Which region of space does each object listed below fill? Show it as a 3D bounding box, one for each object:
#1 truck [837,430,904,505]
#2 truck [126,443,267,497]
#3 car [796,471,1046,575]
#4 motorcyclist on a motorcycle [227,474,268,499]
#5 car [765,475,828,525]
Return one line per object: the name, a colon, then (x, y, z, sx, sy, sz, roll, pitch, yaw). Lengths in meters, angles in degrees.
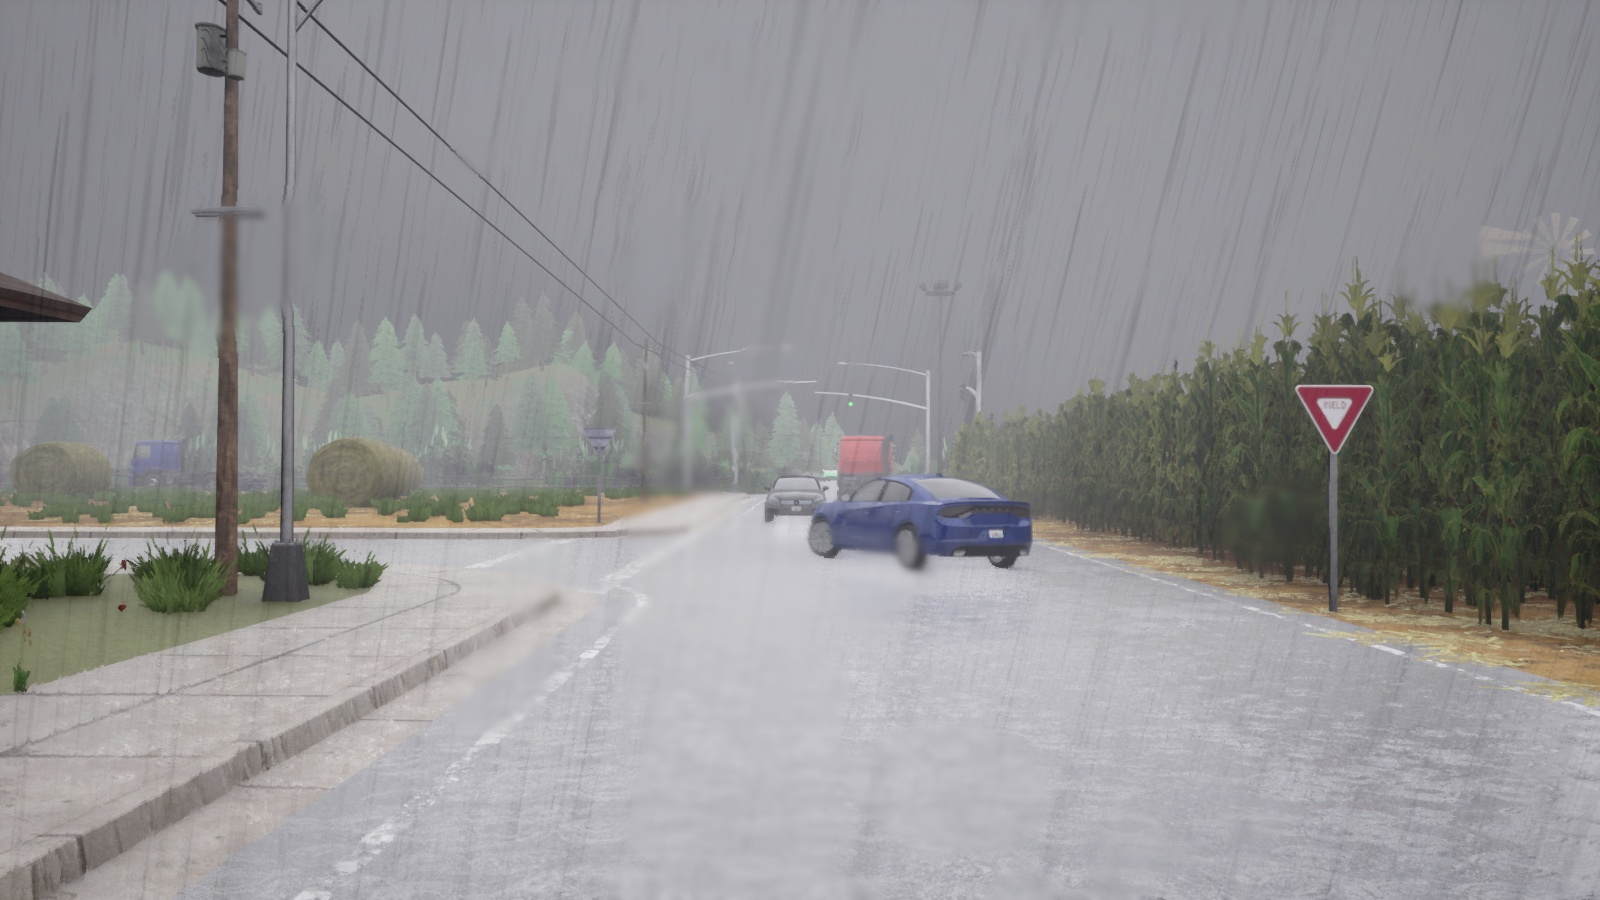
truck: (3.366, 0.862, 62.258, 2.891, 3.462, 7.936, 0, -1, 0)
truck: (-39.490, 1.335, 82.345, 7.936, 3.462, 2.891, 0, -1, 3)
car: (1.869, 1.137, 21.307, 1.882, 1.535, 5.008, 1, -1, -26)
motorcyclist on a motorcycle: (-34.557, 2.269, 78.583, 2.191, 1.530, 0.866, 0, -1, 3)
car: (-0.097, 1.488, 38.657, 1.812, 1.442, 4.674, 0, -1, 0)

━━━━━━

• [What needs to be done]
Retype, exactly and in full, the lines above from the one containing "#4 motorcyclist on" through the one containing "#5 car [765,475,828,525]".

• [Task output]
#4 motorcyclist on a motorcycle [227,474,268,499]
#5 car [765,475,828,525]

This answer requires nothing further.